1. Apparatus for the cooling of a hot process fluid comprising:

a plurality of heat exchanger means, each of said heat exchanger means comprising;

cooling jacket means for defining a central passageway for the flow of a fluid to be cooled, said cooling jacket means comprising a plurality of conduits arranged in side-by-side relationship to define said central passageway, said passageway having first and second ends and comprising a first stage of the heat exchanger means;

a second stage heat exchanger connected to and fluidically downstream of said heat exchanger means first stage, said second stage heat exchanger being in part defined by said cooling jacket means and having an inlet and an outlet, said inlet being coupled to said cooling jacket means defined central passageway, the process fluid flowing in a generally opposite direction in said second stage heat exchanger when compared to said heat exchanger means first stage;

means defining a fluid impermeable supply connector for the delivery of a heated fluid to the first end of said cooling jacket means defined central passageway; and

means defining a fluid impermeable discharge connector for fluid passing through said central passageway, said discharge connector being coupled to the second end of said central passageway;

means for simultaneously delivering a hot process fluid to the supply connectors of said plurality of heat exchanger means whereby said hot process fluid will flow through said cooling jacket means defined passageways;

first common collector means for receiving cooled process fluid exiting the discharge connectors of said plural heat exchanger means, said first collector means including a first control valve located downstream, in the direction of fluid flow, from said heat exchanger means;

second common collector means, said second common collector means being connected to said second stage heat exchanger outlets and including a control valve located downstream, in the direction of fluid flow, from said heat exchanger means;

means for delivering a fluid coolant to said heat exchanger means cooling jacket means conduits at first ends thereof; and

means for receiving coolant from said heat exchanger means cooling jacket means conduits at second ends thereof.
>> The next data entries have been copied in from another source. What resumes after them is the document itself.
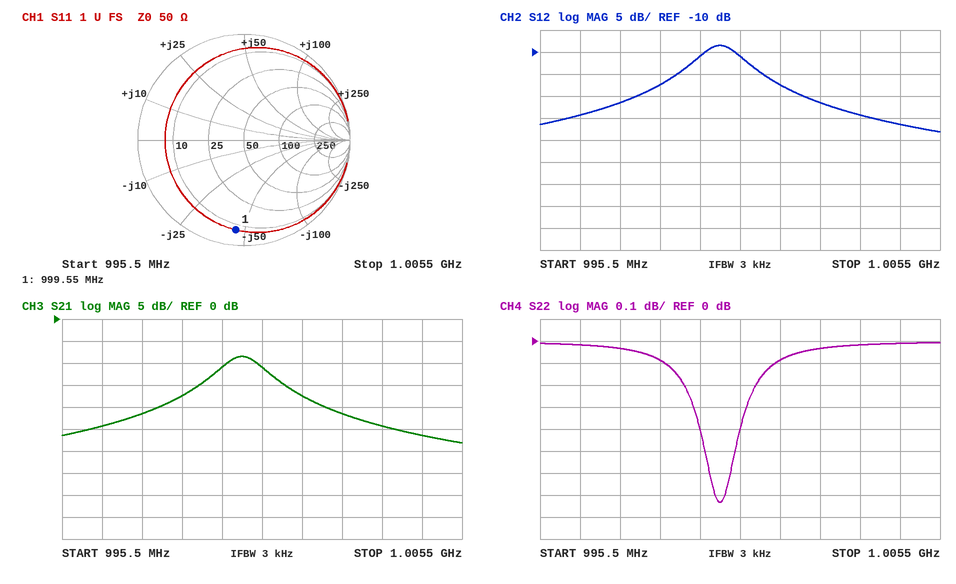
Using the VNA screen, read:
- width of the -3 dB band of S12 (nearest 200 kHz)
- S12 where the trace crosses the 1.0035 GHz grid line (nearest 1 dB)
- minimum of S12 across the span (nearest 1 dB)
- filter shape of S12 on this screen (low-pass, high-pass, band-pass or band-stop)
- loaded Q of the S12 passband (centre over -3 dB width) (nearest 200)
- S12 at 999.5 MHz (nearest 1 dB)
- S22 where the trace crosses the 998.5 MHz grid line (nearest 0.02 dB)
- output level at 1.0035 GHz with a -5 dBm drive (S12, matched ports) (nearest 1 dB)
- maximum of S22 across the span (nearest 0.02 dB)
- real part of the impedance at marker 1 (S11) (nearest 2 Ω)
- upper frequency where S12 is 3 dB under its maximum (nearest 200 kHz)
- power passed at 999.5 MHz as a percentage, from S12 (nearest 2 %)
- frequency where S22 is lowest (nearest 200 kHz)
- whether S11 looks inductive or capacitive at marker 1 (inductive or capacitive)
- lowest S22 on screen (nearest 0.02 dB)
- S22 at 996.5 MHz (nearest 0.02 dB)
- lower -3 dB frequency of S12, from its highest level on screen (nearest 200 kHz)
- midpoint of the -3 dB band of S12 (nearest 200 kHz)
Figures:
1.2 MHz
-24 dB
-28 dB
band-pass
800
-11 dB
-0.08 dB
-29 dBm
0.00 dB
8 Ω
1.0006 GHz
8 %
1.0000 GHz
capacitive
-0.74 dB
-0.02 dB
999.4 MHz
1.0000 GHz
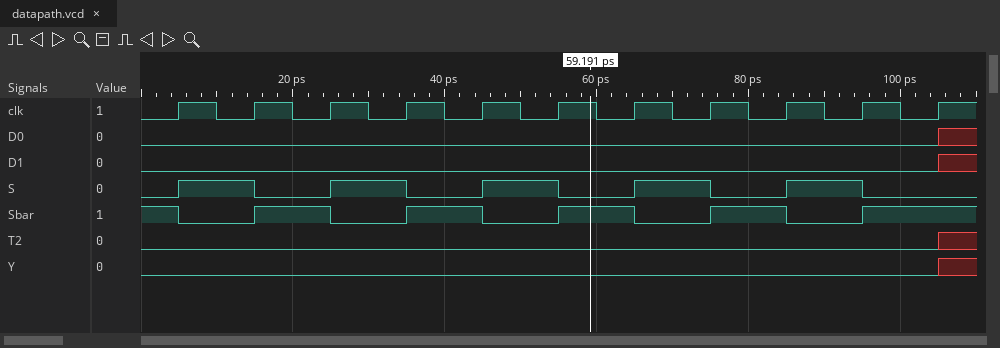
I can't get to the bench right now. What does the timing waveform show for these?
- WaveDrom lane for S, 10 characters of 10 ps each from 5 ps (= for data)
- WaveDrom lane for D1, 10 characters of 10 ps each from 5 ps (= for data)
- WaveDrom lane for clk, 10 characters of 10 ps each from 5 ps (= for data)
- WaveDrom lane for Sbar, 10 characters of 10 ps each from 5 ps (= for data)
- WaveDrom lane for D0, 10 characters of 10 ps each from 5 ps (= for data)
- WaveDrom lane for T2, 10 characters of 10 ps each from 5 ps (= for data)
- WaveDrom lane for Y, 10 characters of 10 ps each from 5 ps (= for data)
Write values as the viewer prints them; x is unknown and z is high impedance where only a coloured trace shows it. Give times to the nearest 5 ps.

{name: 'S', wave: '1010101010'}
{name: 'D1', wave: '0.........'}
{name: 'clk', wave: 'p.........'}
{name: 'Sbar', wave: '0101010101'}
{name: 'D0', wave: '0.........'}
{name: 'T2', wave: '0.........'}
{name: 'Y', wave: '0.........'}
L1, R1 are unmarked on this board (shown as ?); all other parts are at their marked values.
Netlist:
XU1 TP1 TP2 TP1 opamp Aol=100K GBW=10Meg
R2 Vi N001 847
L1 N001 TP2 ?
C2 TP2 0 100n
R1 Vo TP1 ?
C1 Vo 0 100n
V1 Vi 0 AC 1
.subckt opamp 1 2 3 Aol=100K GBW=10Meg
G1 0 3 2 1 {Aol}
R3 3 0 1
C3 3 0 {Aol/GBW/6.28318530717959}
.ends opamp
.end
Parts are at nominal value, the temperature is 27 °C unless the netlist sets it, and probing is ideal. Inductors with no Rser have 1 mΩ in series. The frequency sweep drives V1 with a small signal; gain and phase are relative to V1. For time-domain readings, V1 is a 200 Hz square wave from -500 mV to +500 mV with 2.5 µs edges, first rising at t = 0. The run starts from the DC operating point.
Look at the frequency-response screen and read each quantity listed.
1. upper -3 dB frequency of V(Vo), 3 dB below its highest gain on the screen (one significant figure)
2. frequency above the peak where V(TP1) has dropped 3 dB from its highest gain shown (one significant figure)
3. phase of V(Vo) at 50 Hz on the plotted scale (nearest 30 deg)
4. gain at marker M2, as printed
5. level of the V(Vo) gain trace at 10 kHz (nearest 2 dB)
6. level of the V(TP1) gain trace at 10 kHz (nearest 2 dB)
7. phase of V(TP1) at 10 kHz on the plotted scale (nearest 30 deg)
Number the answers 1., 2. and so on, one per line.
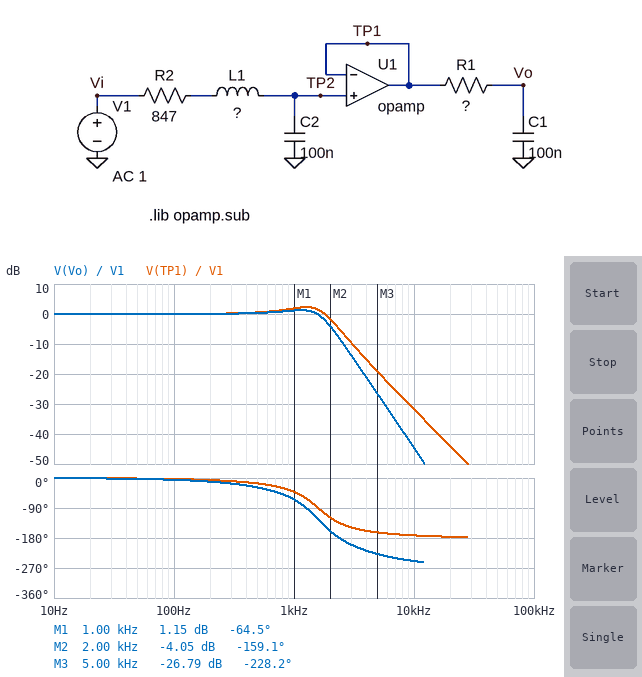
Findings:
1. 2 kHz
2. 2 kHz
3. 0 deg
4. -4.05 dB
5. -44 dB
6. -32 dB
7. -180 deg
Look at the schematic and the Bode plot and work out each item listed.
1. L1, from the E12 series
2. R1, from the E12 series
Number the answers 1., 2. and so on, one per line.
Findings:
1. 100 mH
2. 680 Ω
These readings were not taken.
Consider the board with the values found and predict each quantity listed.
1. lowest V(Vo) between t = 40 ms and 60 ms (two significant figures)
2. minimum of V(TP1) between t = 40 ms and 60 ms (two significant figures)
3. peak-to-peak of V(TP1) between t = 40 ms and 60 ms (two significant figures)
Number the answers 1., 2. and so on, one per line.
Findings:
1. -680 mV
2. -730 mV
3. 1.5 V
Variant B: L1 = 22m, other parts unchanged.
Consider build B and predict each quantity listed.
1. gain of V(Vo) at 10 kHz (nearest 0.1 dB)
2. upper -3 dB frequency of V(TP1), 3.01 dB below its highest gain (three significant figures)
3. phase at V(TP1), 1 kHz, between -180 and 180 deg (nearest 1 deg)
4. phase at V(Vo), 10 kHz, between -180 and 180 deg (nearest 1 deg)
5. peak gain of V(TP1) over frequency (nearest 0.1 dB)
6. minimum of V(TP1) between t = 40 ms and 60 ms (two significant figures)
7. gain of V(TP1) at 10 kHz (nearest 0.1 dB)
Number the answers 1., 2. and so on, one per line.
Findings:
1. -32.3 dB
2. 2.52 kHz
3. -30 deg
4. 138 deg
5. 0 dB
6. -500 mV
7. -19.4 dB

2. The apparatus of claim 1 further comprising means interconnecting said first and second common collector means downstream of said control valves, said interconnecting means including an exit for the cooled process fluid.

3. Apparatus of of claim 2 wherein said first and second stages of each of said heat exchanger means are interconnected via openings between said conduits, said openings being located adjacent said discharge connector means.

4. The apparatus of claim 3 further comprising oil injector means disposed in said interconnecting means.